» AIM OF THE TASK: Print, exactly as they appear in the listing below, the lines from the line with "Answer: 67.67% What" to the line with "Answer: 80% Which", with both end lines kept.
··· RECORDS FOR PROCESSING ···
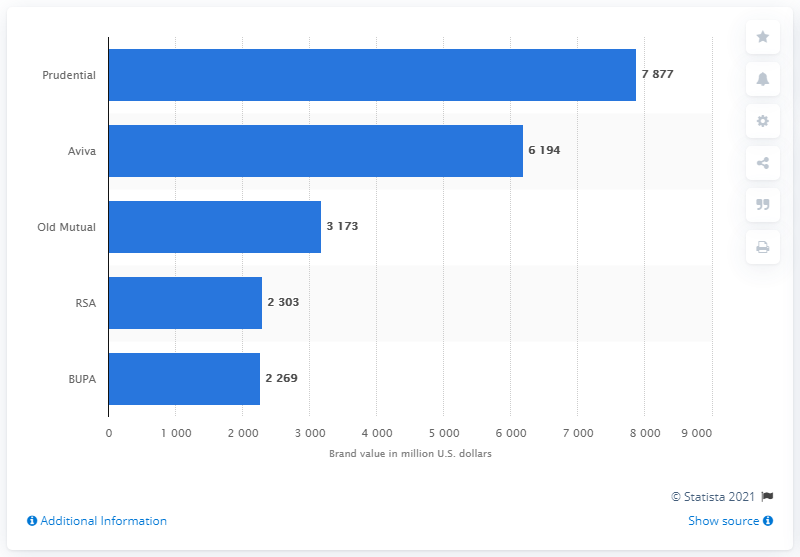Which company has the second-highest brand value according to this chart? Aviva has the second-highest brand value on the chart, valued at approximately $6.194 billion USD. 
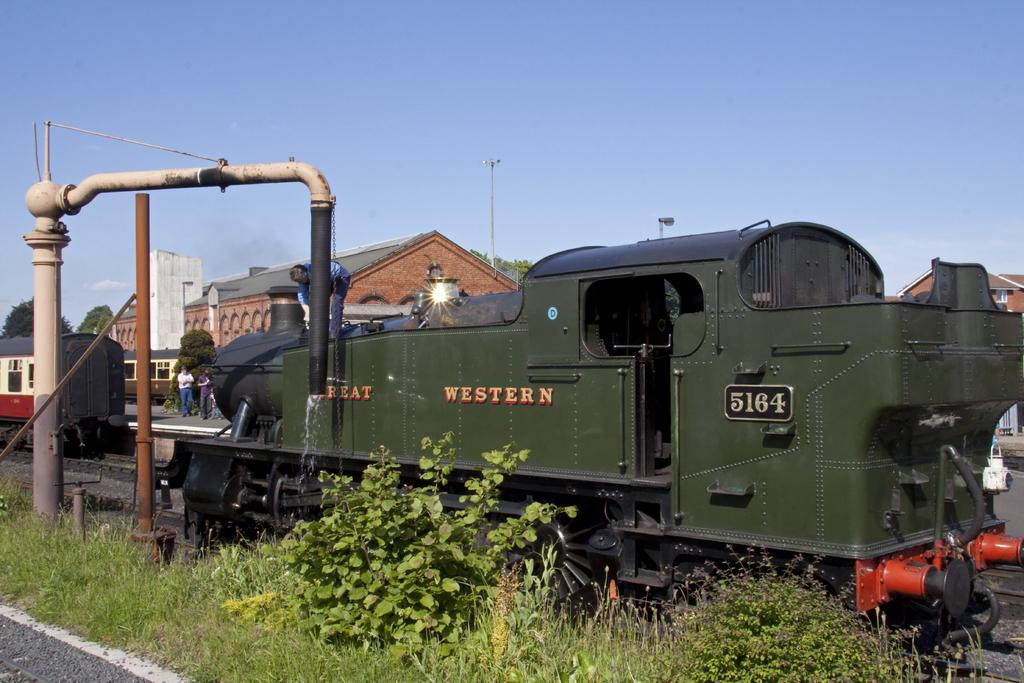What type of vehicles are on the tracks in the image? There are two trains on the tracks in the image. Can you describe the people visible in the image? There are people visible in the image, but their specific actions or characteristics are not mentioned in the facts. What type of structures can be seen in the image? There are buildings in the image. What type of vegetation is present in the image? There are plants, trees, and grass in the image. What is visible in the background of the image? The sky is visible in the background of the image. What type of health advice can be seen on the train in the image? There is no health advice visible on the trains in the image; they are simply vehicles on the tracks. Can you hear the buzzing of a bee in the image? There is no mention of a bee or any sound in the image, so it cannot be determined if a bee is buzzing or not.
···
··· RECORDS FOR PROCESSING ···
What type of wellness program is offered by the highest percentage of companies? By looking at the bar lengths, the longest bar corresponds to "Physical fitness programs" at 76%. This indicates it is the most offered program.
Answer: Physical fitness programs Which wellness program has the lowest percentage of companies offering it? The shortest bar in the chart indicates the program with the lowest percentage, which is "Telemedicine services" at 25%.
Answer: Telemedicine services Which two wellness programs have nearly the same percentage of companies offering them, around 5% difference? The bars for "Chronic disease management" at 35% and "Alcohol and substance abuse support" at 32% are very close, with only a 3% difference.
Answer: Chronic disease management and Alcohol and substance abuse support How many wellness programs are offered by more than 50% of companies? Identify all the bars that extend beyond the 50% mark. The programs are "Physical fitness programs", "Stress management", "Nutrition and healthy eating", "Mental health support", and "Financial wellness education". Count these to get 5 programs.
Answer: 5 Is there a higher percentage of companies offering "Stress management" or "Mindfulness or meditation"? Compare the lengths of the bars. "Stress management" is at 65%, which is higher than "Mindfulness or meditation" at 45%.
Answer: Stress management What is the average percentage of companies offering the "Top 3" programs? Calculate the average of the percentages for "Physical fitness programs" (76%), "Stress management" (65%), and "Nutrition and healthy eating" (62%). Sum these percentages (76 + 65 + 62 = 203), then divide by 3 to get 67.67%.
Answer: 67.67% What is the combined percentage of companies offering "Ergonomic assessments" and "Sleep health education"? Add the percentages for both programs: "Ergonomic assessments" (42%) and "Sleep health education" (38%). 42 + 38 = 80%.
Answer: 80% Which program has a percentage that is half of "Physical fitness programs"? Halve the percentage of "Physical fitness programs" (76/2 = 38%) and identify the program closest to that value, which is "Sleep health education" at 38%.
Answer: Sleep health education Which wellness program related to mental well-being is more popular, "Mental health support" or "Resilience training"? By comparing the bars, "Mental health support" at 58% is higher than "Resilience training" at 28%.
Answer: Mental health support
···
» EXERCISE OUTPUT:
Answer: 67.67% What is the combined percentage of companies offering "Ergonomic assessments" and "Sleep health education"? Add the percentages for both programs: "Ergonomic assessments" (42%) and "Sleep health education" (38%). 42 + 38 = 80%.
Answer: 80% Which program has a percentage that is half of "Physical fitness programs"? Halve the percentage of "Physical fitness programs" (76/2 = 38%) and identify the program closest to that value, which is "Sleep health education" at 38%.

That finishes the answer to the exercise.